Frédéric Brunet (loge "l’Étoile polaire") fut l’un des fondateurs en décembre 1903 de la loge maçonnique "Les Travailleurs socialistes de France". Il succéda à Paul Brousse comme vénérable de la Loge.

Pendant la guerre, il soutint constamment la politique de défense nationale, avec la majorité d’abord, puis dans la minorité du Parti socialiste. Il compta au nombre des quarante élus qui protestèrent contre l’adhésion de la SFIO à l’idée d’une conférence internationale à Stockholm et collabora à La France libre, organe de cette fraction.

En octobre 1919, il quitta le Parti socialiste SFIO pour fonder le Parti socialiste français et il ne se présenta pas au renouvellement de la Chambre des députés en novembre. Il n’appartint plus désormais au mouvement ouvrier socialiste, mais reprit bientôt sa carrière politique. Réélu aux assemblées municipale et départementale, il présida, en 1923, le conseil général de la Seine, et, en 1924, au scrutin de liste, fut élu député de la Seine et devint vice-président de la Chambre. En 1928, il retrouva son ancienne circonscription du XVIIe arr., élu au second tour par 5 280 voix contre 5 149 au candidat de droite et 2 584 au candidat communiste. Du 13 décembre 1930 au 22 janvier 1931, il fut sous-secrétaire d’État à l’Enseignement technique dans le cabinet Steeg.

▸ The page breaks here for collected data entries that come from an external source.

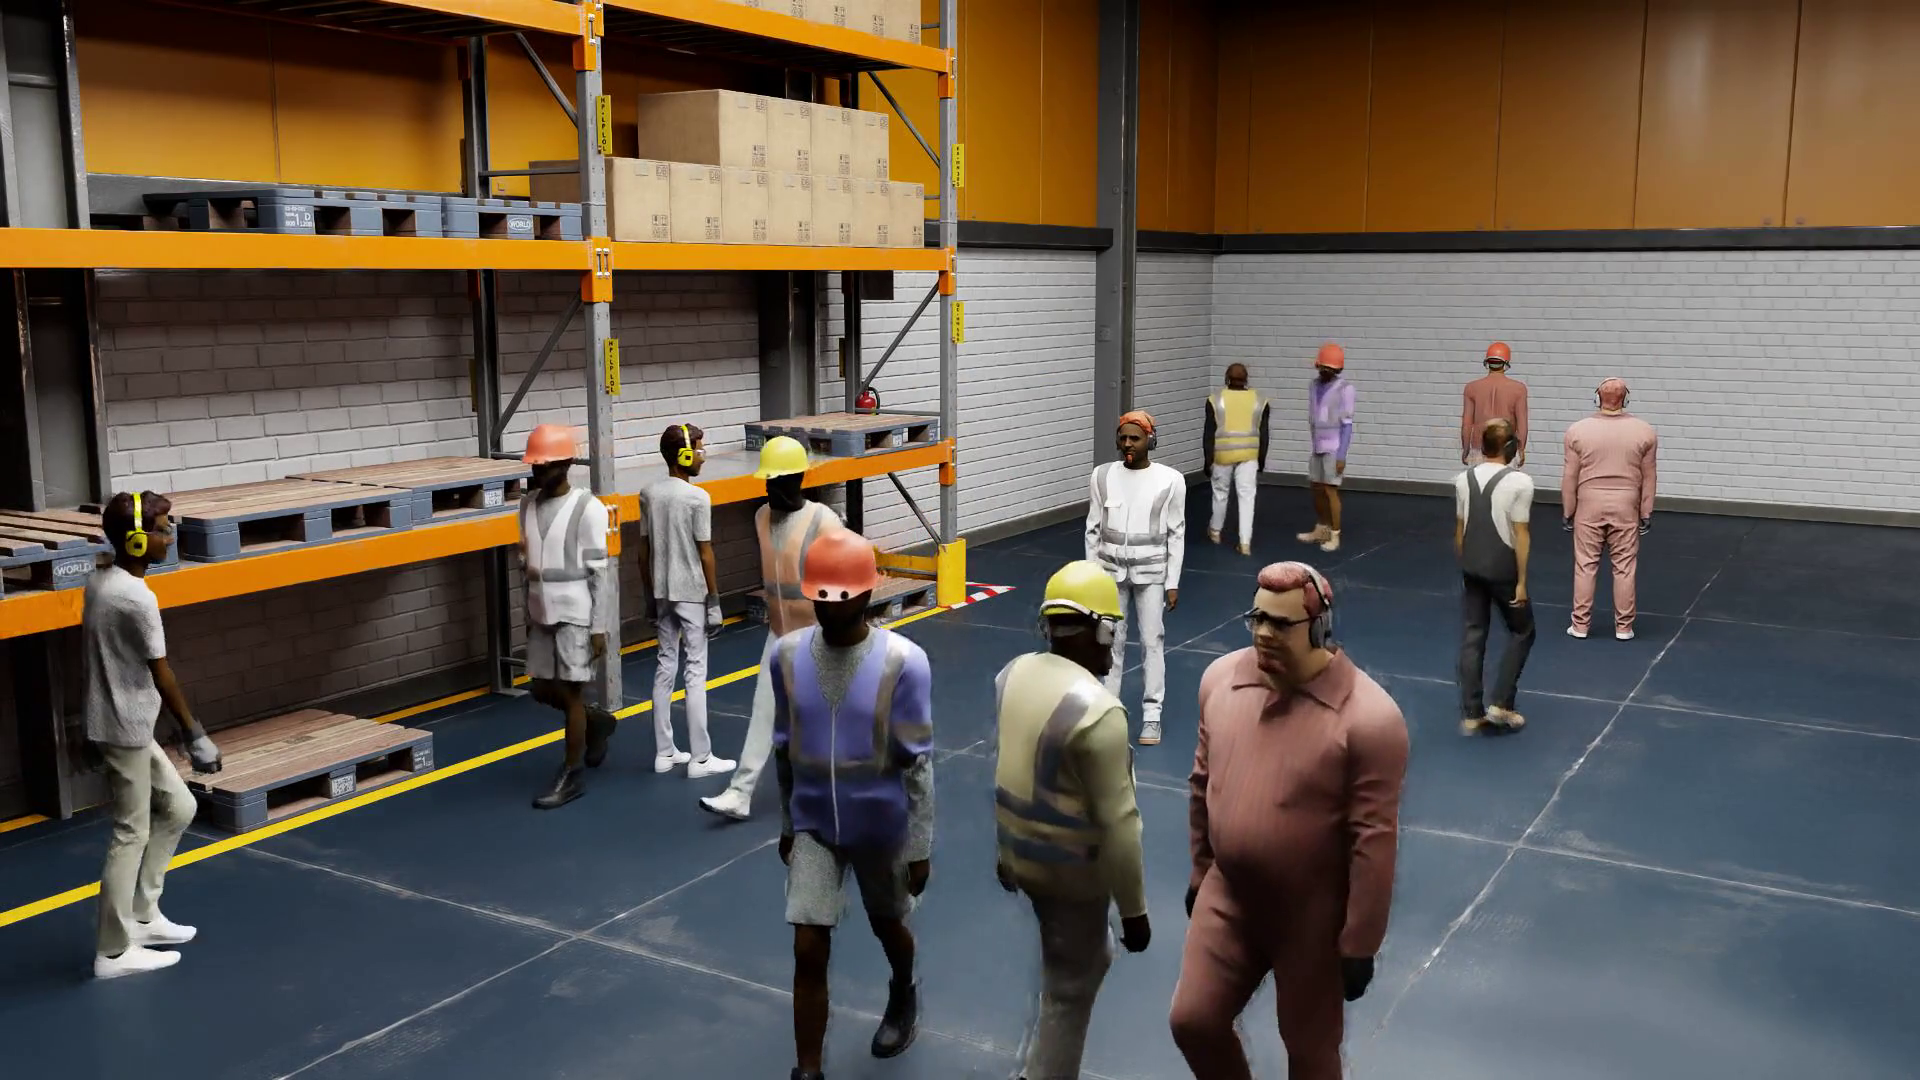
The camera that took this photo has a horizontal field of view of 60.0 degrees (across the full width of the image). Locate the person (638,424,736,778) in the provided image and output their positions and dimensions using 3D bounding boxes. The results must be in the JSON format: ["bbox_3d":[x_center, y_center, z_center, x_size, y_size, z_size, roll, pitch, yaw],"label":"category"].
[{"bbox_3d":[-1.465,0.320,8.779,0.520,1.864,0.333,6,11,34],"label":"person"}]

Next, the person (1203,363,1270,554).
[{"bbox_3d":[2.640,-0.798,15.983,0.654,1.786,0.974,0,9,0],"label":"person"}]

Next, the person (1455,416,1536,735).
[{"bbox_3d":[3.093,0.207,9.553,0.537,1.831,0.520,-7,11,-37],"label":"person"}]

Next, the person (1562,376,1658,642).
[{"bbox_3d":[4.663,-0.219,11.991,0.643,1.913,0.411,3,9,15],"label":"person"}]

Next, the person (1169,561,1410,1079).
[{"bbox_3d":[0.856,0.989,4.518,0.678,1.888,0.505,9,12,43],"label":"person"}]

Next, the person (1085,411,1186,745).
[{"bbox_3d":[0.975,0.213,9.387,0.575,1.882,0.355,4,10,21],"label":"person"}]

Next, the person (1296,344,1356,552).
[{"bbox_3d":[3.490,-0.874,15.833,0.529,1.993,0.707,-5,10,-26],"label":"person"}]

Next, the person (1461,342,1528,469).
[{"bbox_3d":[5.117,-0.893,15.936,0.610,1.996,0.379,4,10,23],"label":"person"}]

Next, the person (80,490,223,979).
[{"bbox_3d":[-3.071,0.734,6.257,0.549,1.844,0.517,-7,11,-35],"label":"person"}]

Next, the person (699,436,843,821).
[{"bbox_3d":[-0.808,0.435,8.044,0.597,1.866,0.999,7,11,37],"label":"person"}]

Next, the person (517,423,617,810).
[{"bbox_3d":[-1.953,0.355,8.381,0.545,1.924,0.631,5,10,27],"label":"person"}]

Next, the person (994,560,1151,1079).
[{"bbox_3d":[0.335,0.965,4.934,0.432,1.801,0.638,-4,10,-23],"label":"person"}]

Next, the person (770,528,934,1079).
[{"bbox_3d":[-0.329,0.871,5.307,0.549,1.886,0.993,2,9,14],"label":"person"}]
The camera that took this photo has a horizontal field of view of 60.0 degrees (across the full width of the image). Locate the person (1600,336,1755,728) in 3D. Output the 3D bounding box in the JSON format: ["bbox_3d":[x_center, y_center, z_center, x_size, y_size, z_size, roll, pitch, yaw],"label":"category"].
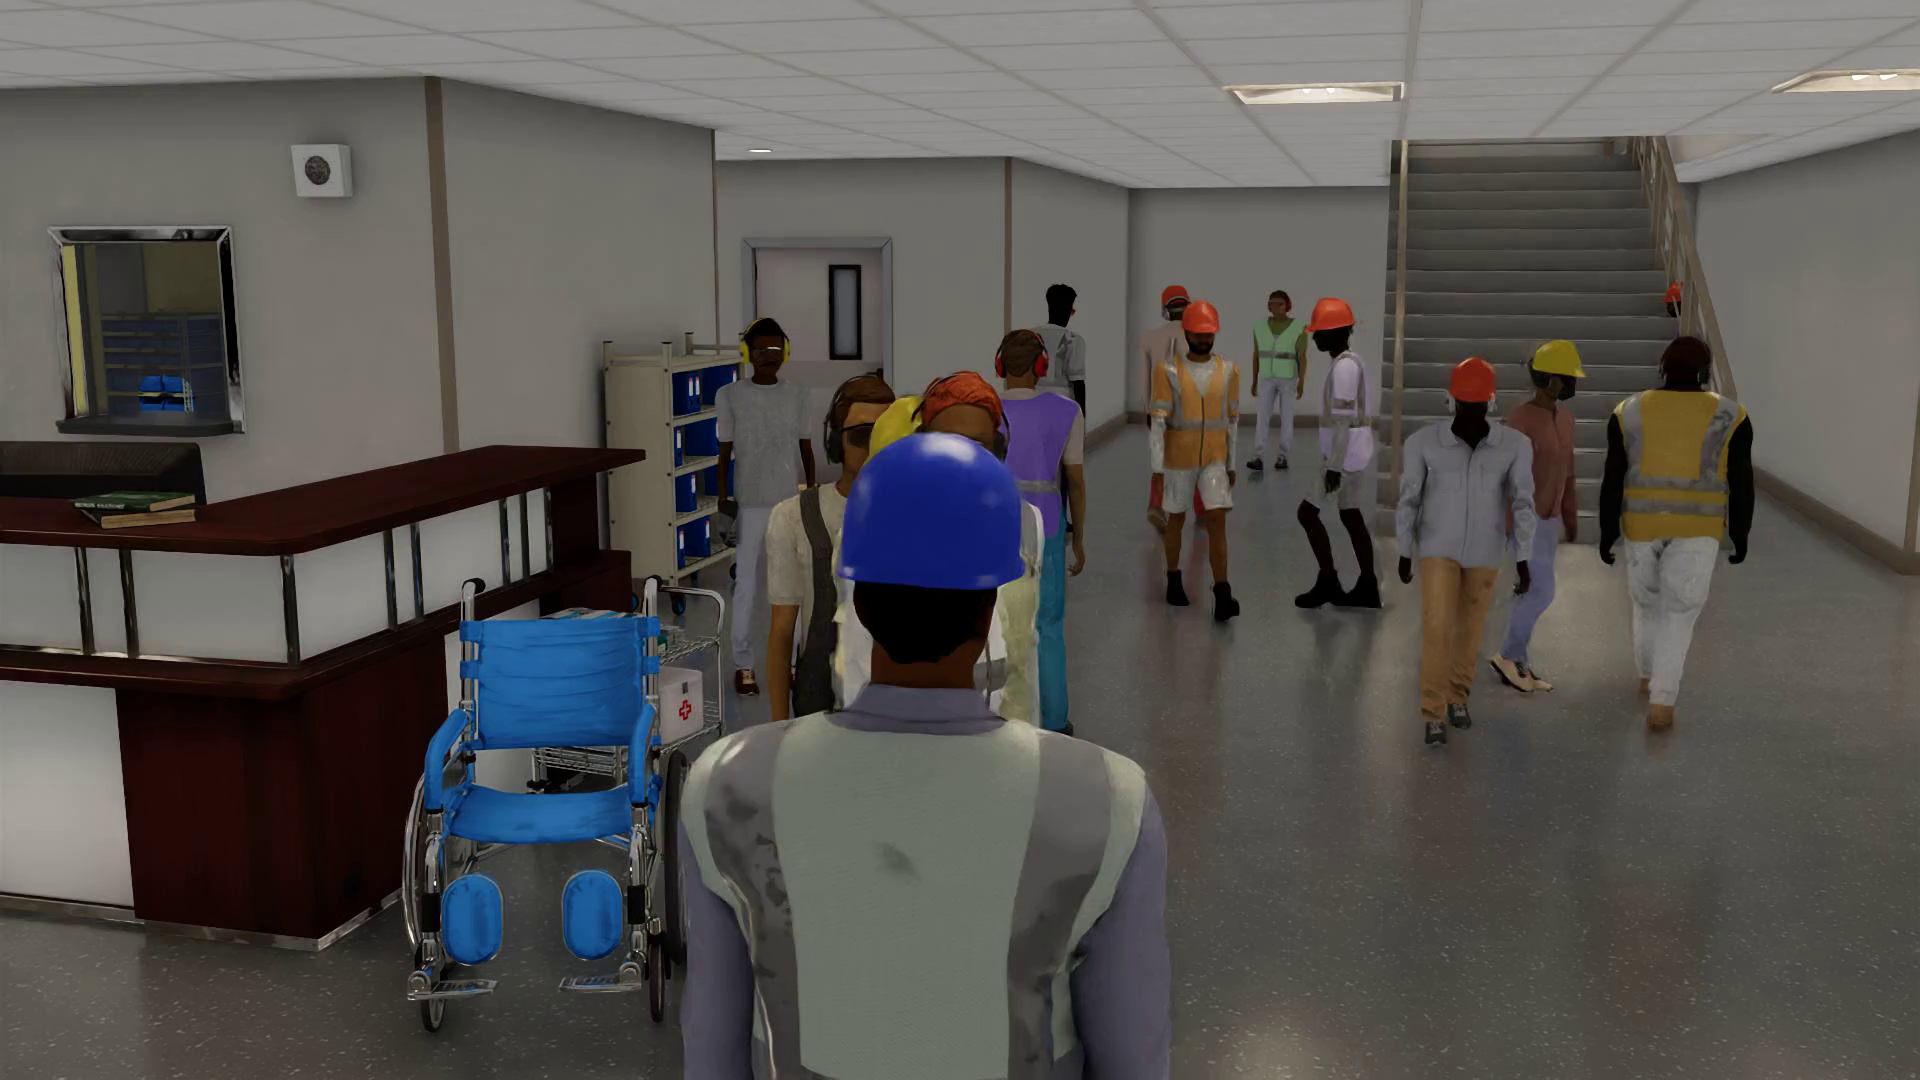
[{"bbox_3d":[3.352,-0.056,7.793,0.647,1.790,0.982,6,11,32],"label":"person"}]

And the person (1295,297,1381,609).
[{"bbox_3d":[2.286,-0.503,10.067,0.636,1.905,0.567,3,10,17],"label":"person"}]

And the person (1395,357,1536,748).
[{"bbox_3d":[2.236,0.055,7.358,0.571,1.707,0.814,1,10,5],"label":"person"}]

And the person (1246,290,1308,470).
[{"bbox_3d":[3.163,-1.586,16.713,0.601,1.807,0.881,5,11,27],"label":"person"}]

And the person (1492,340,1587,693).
[{"bbox_3d":[2.841,-0.104,8.169,0.553,1.748,0.402,-8,13,-41],"label":"person"}]

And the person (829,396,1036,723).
[{"bbox_3d":[-0.084,0.541,4.157,0.599,1.818,0.468,7,12,34],"label":"person"}]

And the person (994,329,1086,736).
[{"bbox_3d":[0.270,-0.001,7.317,0.564,1.837,0.388,1,10,6],"label":"person"}]

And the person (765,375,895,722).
[{"bbox_3d":[-0.252,0.492,4.382,0.508,1.846,0.345,-3,10,-18],"label":"person"}]

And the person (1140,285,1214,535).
[{"bbox_3d":[1.680,-1.006,12.944,0.633,1.950,0.870,3,10,19],"label":"person"}]

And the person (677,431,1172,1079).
[{"bbox_3d":[-0.045,0.837,2.073,0.606,1.946,0.403,1,10,7],"label":"person"}]

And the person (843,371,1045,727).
[{"bbox_3d":[-0.023,0.533,4.042,0.574,1.881,0.357,-7,12,-36],"label":"person"}]

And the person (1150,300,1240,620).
[{"bbox_3d":[1.420,-0.476,9.965,0.575,1.884,0.975,-1,10,-6],"label":"person"}]

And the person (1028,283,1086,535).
[{"bbox_3d":[0.726,-0.998,12.854,0.614,1.952,0.386,8,12,38],"label":"person"}]

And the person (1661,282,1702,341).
[{"bbox_3d":[6.410,-1.332,14.865,0.374,1.933,0.550,4,10,22],"label":"person"}]

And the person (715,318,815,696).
[{"bbox_3d":[-0.947,-0.160,8.196,0.511,1.862,0.326,-3,10,-17],"label":"person"}]
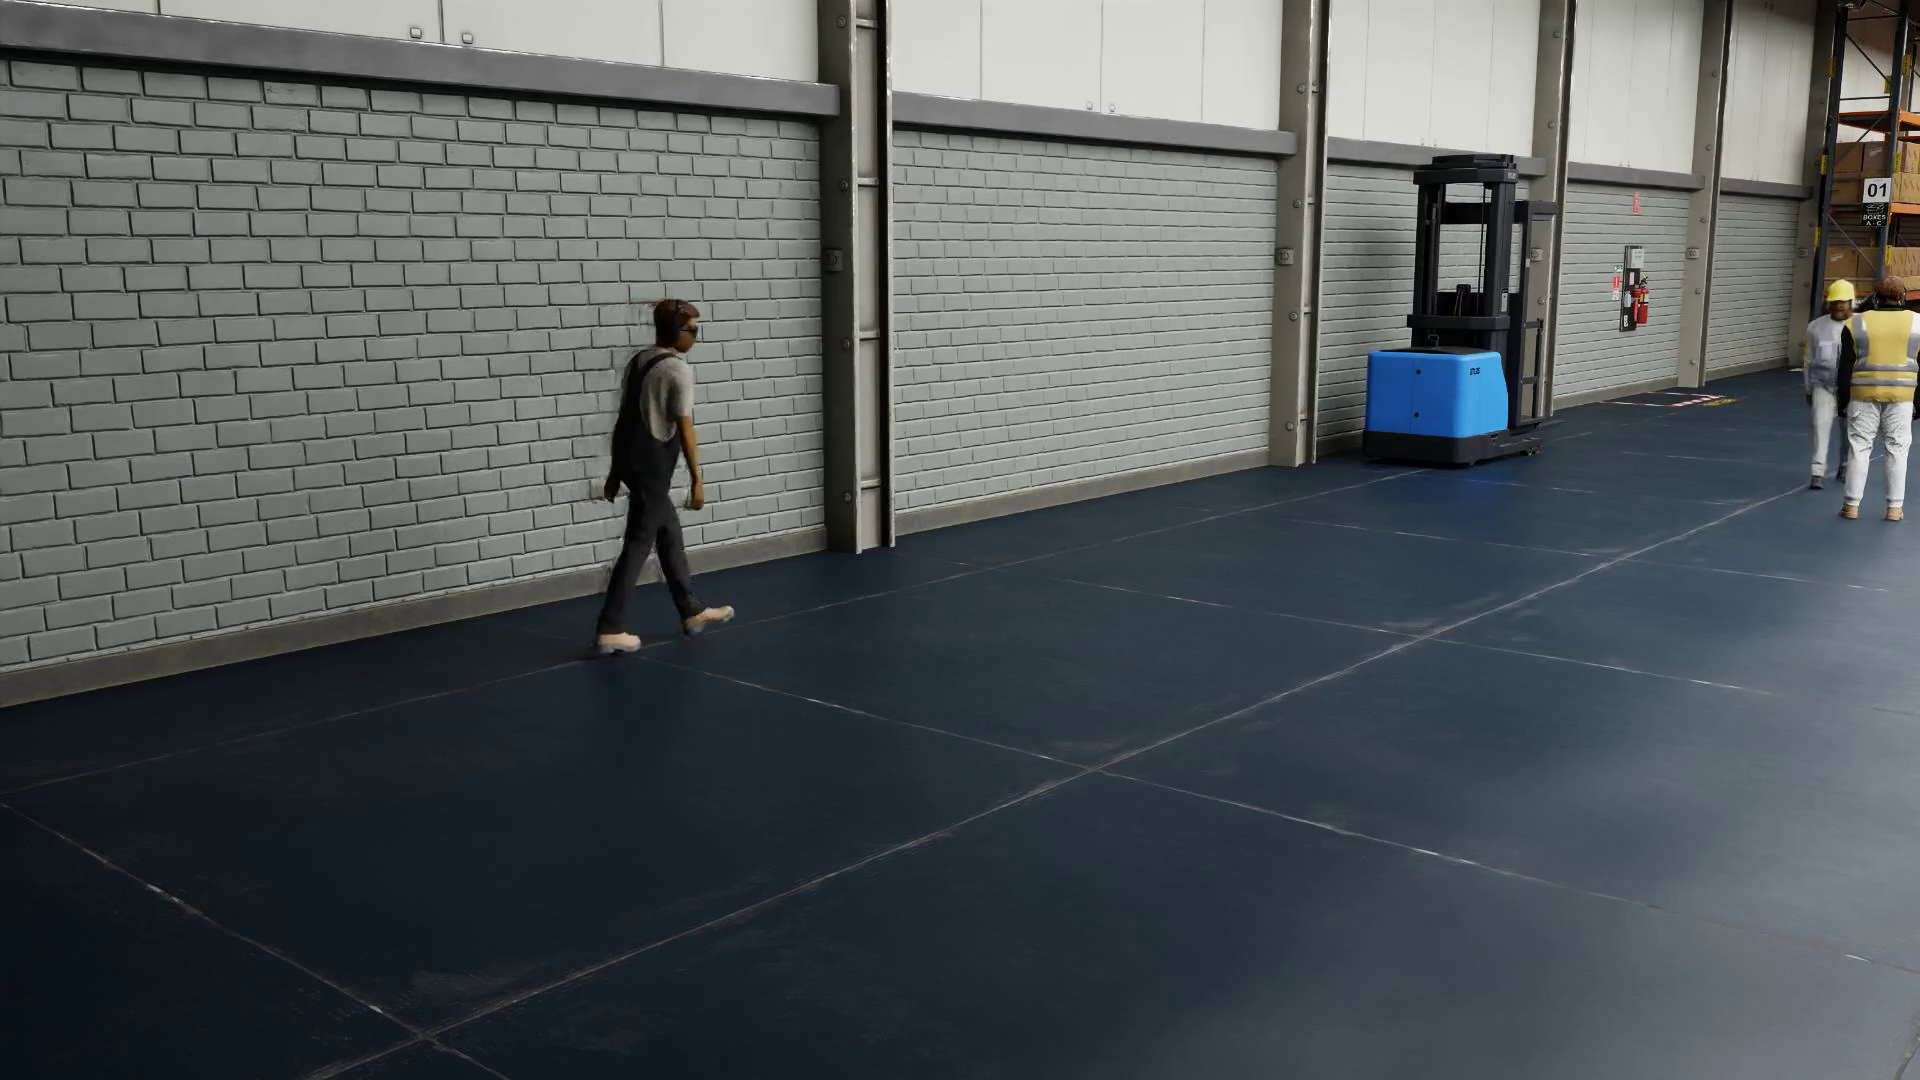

Brunet, qui siégeait au conseil de l’Ordre du Grand Orient de France, mourut à la veille des élections législatives de 1932.

Pour citer cet article :
http://maitron-en-ligne.univ-paris1.fr/spip.php?article102853, notice BRUNET Antoine, Frédéric par Justinien Raymond, version mise en ligne le 3 novembre 2010, dernière modification le 1er février 2019.

Par Justinien Raymond

ŒUVRE : Brunet collabora aux journaux suivants : Le Prolétaire, Le Prolétariat, La France libre, l’Humanité, l’Action socialiste, hebdomadaire de la majorité du Parti socialiste destiné à combattre l’influence du Populaire, et qui publia 49 numéros à dater du 27 septembre 1916.
Livres ou brochures : La Dette allemande et le relèvement économique de l’Europe, Paris, 1922, in-8°, 11 p. (Bibl. Nat. 8° G Pièce 2 714). — Les Propos de Monsieur Matonnat 1923, in-16, 80 p. (Bibl. Nat. 8° R 31 979). — Le Socialisme expérimental. Étude sociale, Paris, in-16, 255 p. (Bibl. Nat. 8° R 34 135, sixième édition).

SOURCES : Arch. Ass. Nat. dossier biographique. — Hubert-Rouger, La France socialiste, op. cit., p. 394 et Les Fédérations socialistes III, passim. — L’Humanité, 27 avril et 4 mai 1914. — J. Gaumont, Histoire de la Coopération, op. cit., t. II. — Le Conseil municipal. Nos édiles (1921), op. cit. — H. Coston, Dictionnaire de la politique française, Paris, 1967, t. I. — Renseignements recueillis auprès de M. Rougeron, sénateur de l’Allier.

ICONOGRAPHIE : Hubert-Rouger, La France socialiste, op. cit., p. 394.